The absorption effect on the other hand, rather than focusing on relative price changes, predicts that
changes in overseas income have a direct effect on national consumption patterns. In times of rising
overseas income, a rise in consumption is then most likely, which, if domestic production is unable to cope
with, leads to a worsening of the trade balance. The consequence of these effects is that a country with high
and growing levels of overseas investment will find its trade balance worsening, and the UK seems to be a
good country on which to test the theory. As overseas income grew rapidly from 1870 to 1913, the trade
balance deteriorated in a systematic way. Rowthorn and Solomou have attempted to quantify the extent to
which the Dutch disease and absorption effect deteriorated the trade balance. The result of their analysis
shows that the Dutch disease effect had little significant effect on the long-run trend of the deteriorating
trade balance. The evidence to discredit the Dutch disease effect hinging on the lack of any notable
correlation between the real exchange rate movements and trade balance movements, except in a short
period during the Edwardian period. The absorption effect, on the other hand, did have a notable effect on
the trade balance. They calculated that the marginal propensity to consume out of overseas income was
0.53, a reassuringly similar value to the consumption propensity out of domestic income. They then
conclude that with a high correlation between the rise in overseas income and the worsening trade balance,
it is possible to causally link the effect on the trade balance to the absorption effect.

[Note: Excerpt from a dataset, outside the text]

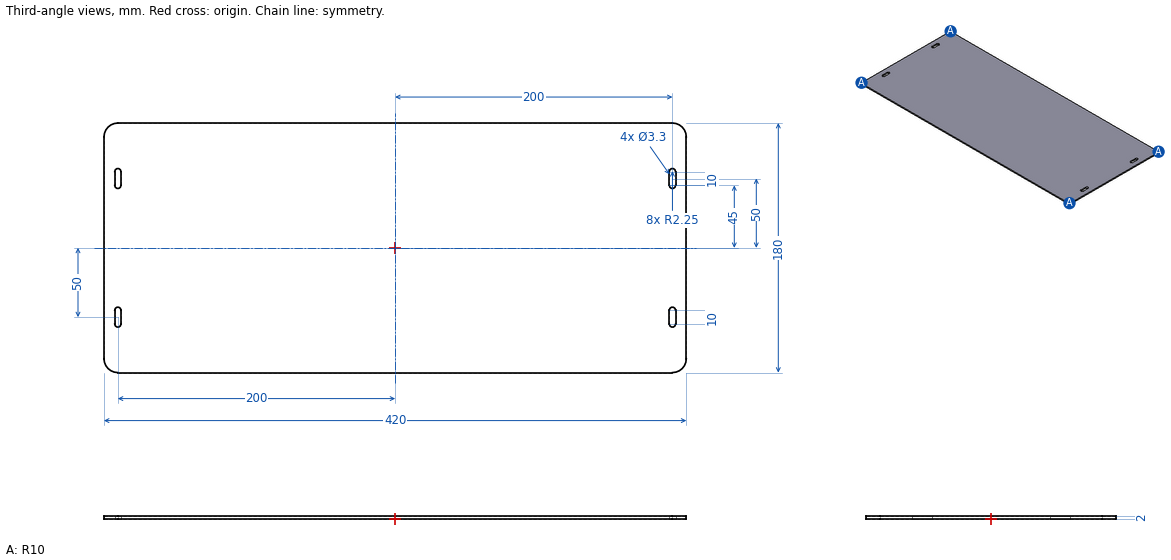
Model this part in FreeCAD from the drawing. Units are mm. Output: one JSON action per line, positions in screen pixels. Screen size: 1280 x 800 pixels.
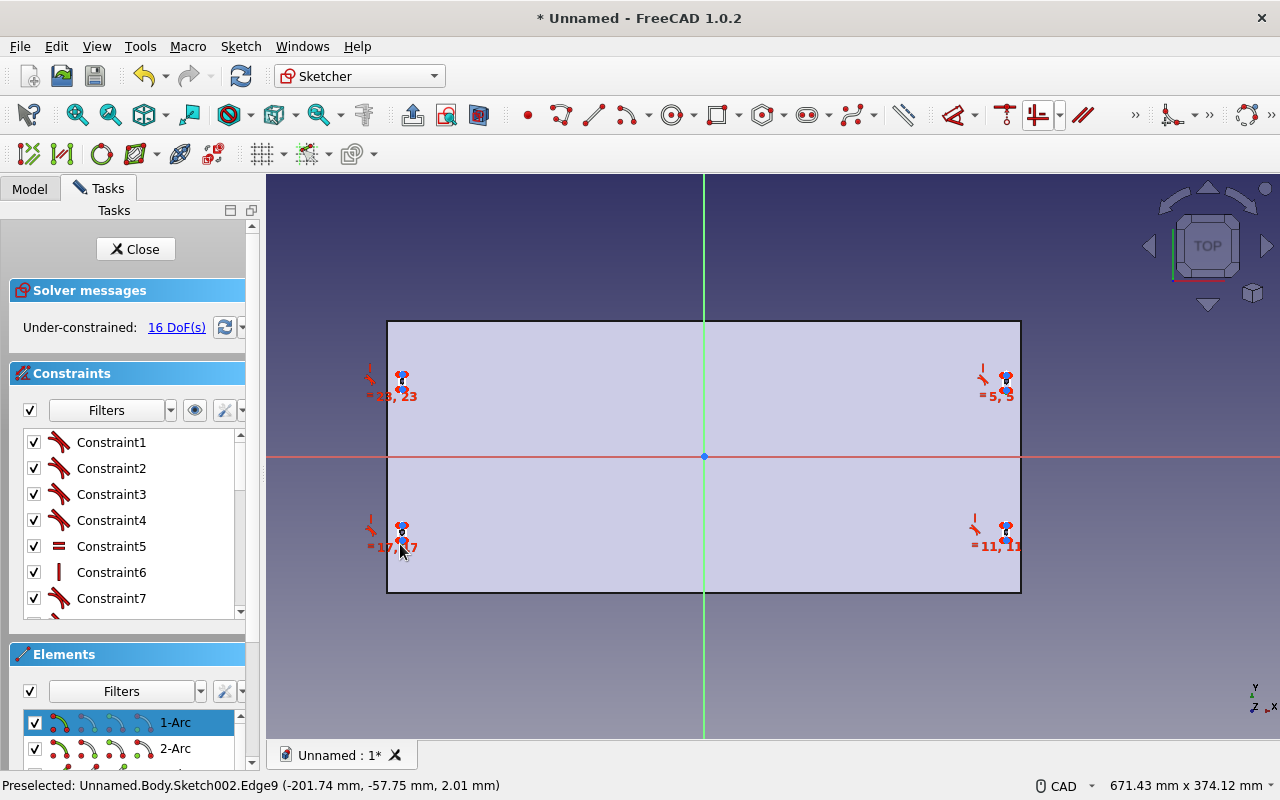
{"action": "scroll", "coordinate": [400, 393], "scroll_direction": "up", "scroll_amount": 8}

Nevertheless, such arguments can be as easily discredited as they can be supported. The trade
process is almost too complicated to fully understand, and I believe it is impossible to draw such a direct
causation. It is not justifiable to attribute the deterioration of the trade balance solely on the absorption or
Dutch disease effects of overseas income. There is no doubt there were many other causes of the worsening
trade deficit, not least the advance of other developed industries in once “monopolised” industries and the
fact that imports mainly constituted of food and primary produce, not the type of goods that the absorption
effect would predict. The only firm conclusion we can draw is that the growth of overseas income did have
some detrimental consequences on the UK economy, but is not all to blame for the worsening trade deficit.
As for capital exports, they appear to have had tangible and beneficial consequences to the UK
economy. The net benefit or cost between the consequences of capital exports and overseas income is
almost impossible to measure. One would however assume that internationally at least, the long term
benefits of Britain’s capital investment, to the target countries and other countries involved in subsequent
trade, largely surpass its costs, such as debt repayment. The far more subjective questions of whether or not
it was “fair” for Britain to “subsidise” other countries benefits from lower import prices at the expense of
its domestic industries, and whether it is desirable to live as a rentier nation, should then be answered.
Interesting questions unfortunately outside the scope of this essay.